→ DIRECTIONS FOR THIS TASK: Although the entries contain pictures, only their words should be duplicated exactly.

--

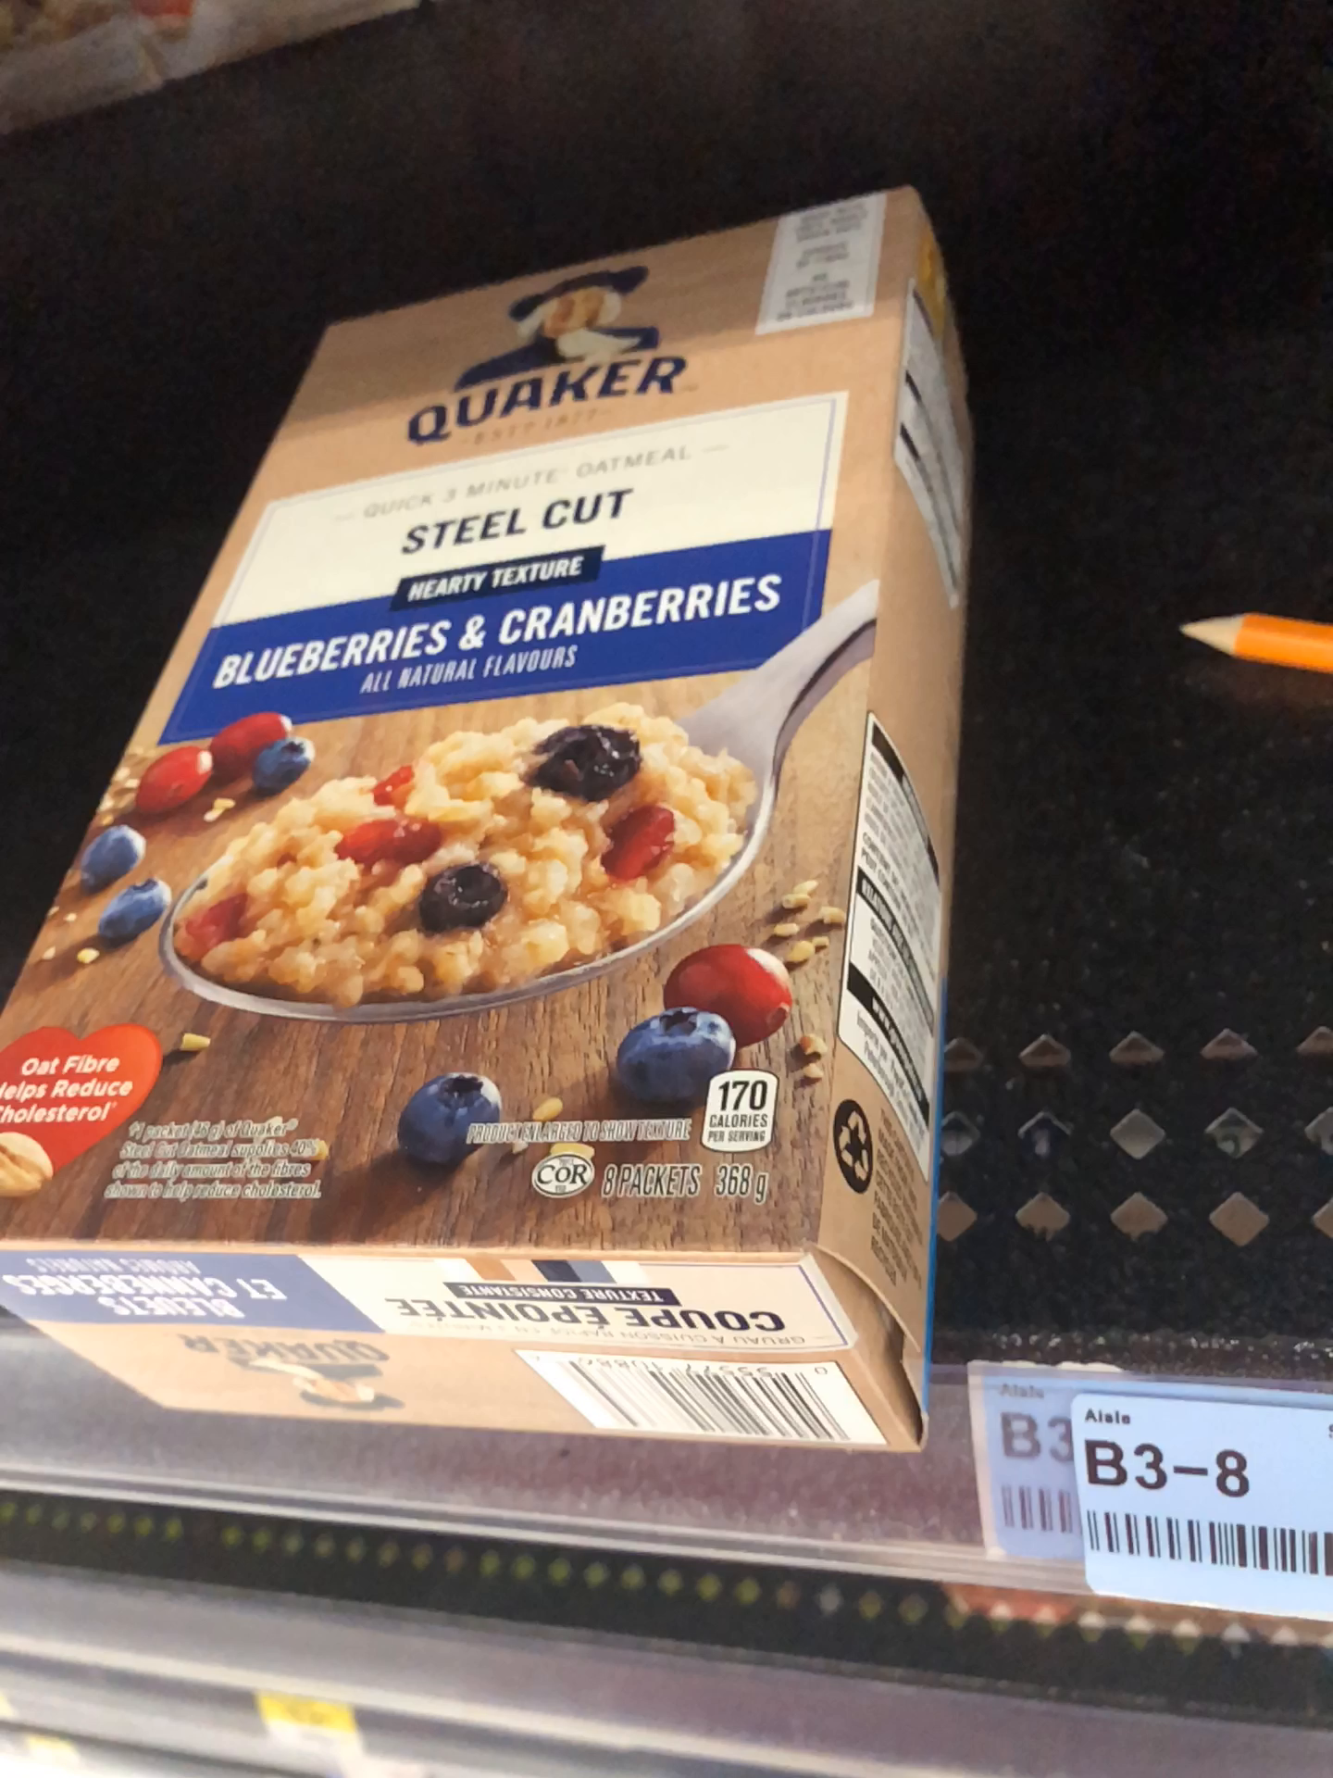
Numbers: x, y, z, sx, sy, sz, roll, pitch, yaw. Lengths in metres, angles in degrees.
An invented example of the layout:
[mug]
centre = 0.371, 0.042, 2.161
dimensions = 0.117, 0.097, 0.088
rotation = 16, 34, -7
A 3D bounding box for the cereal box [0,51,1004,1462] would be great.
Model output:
[cereal box]
centre = -0.016, -0.038, 0.258
dimensions = 0.130, 0.060, 0.240
rotation = -5, 52, 21
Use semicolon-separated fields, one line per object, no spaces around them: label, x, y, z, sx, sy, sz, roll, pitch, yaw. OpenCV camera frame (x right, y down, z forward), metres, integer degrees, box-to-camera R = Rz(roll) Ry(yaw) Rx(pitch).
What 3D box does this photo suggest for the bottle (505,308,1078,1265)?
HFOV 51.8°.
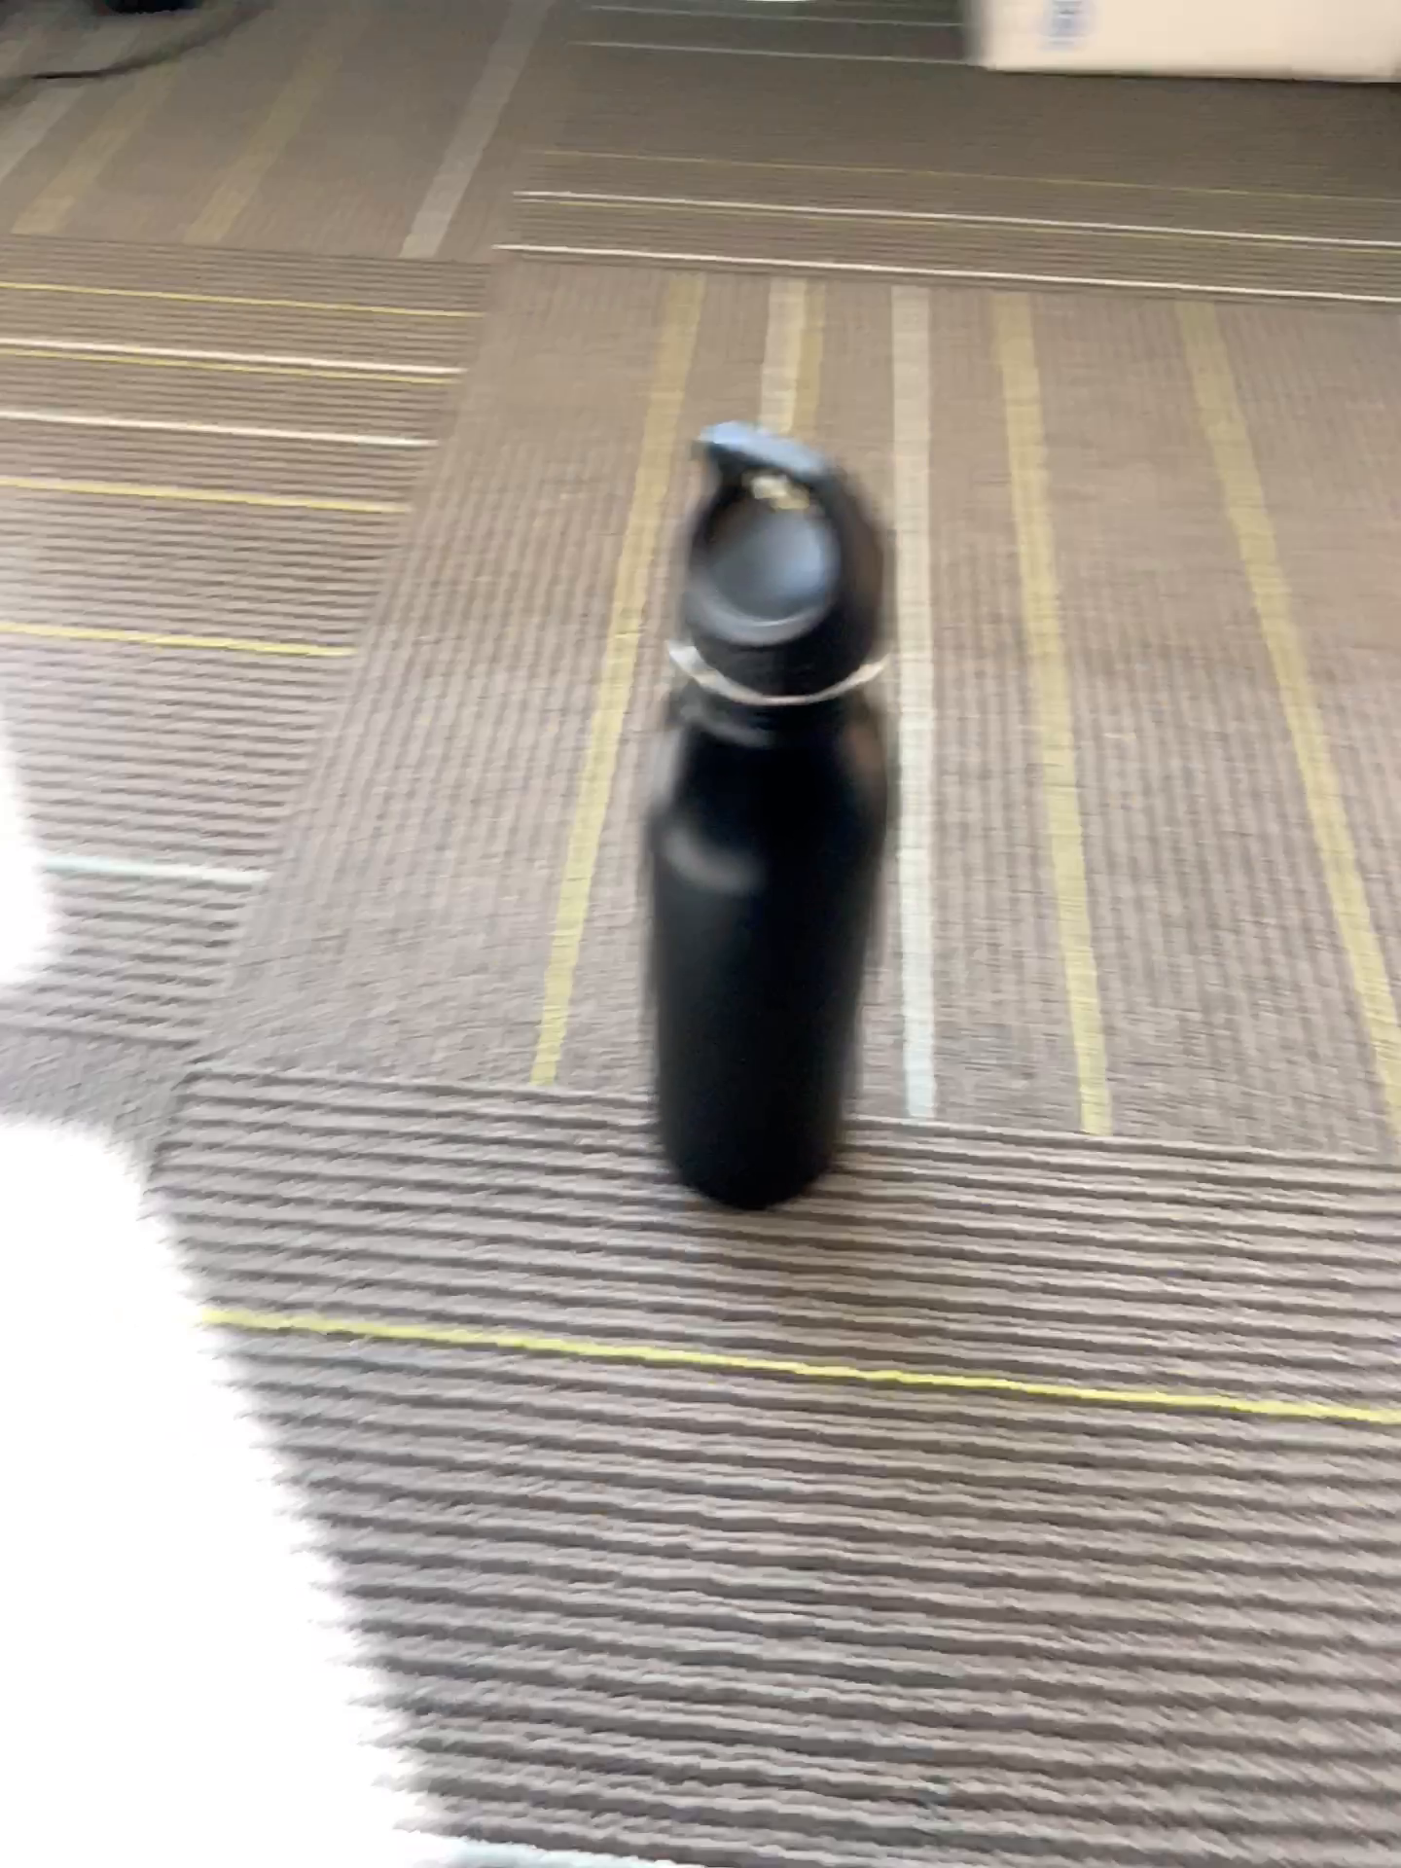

--

→ TASK OUTPUT:
Numbers: x, y, z, sx, sy, sz, roll, pitch, yaw. Lengths in metres, angles in degrees.
An invented example of the layout:
[mug]
centre = 0.371, 0.042, 2.161
dimensions = 0.117, 0.097, 0.088
rotation = 16, 34, -7
A 3D bounding box for the cereal box [0,51,1004,1462] would be great.
Model output:
[cereal box]
centre = -0.016, -0.038, 0.258
dimensions = 0.130, 0.060, 0.240
rotation = -5, 52, 21
Use semicolon-separated fields, one line per object, no spaces around them: label, x, y, z, sx, sy, sz, roll, pitch, yaw. OpenCV camera frame (x right, y down, z forward), metres, integer degrees, box-to-camera R = Rz(roll) Ry(yaw) Rx(pitch).
What 3D box does this photo suggest for the bottle (505,308,1078,1265)?
HFOV 51.8°.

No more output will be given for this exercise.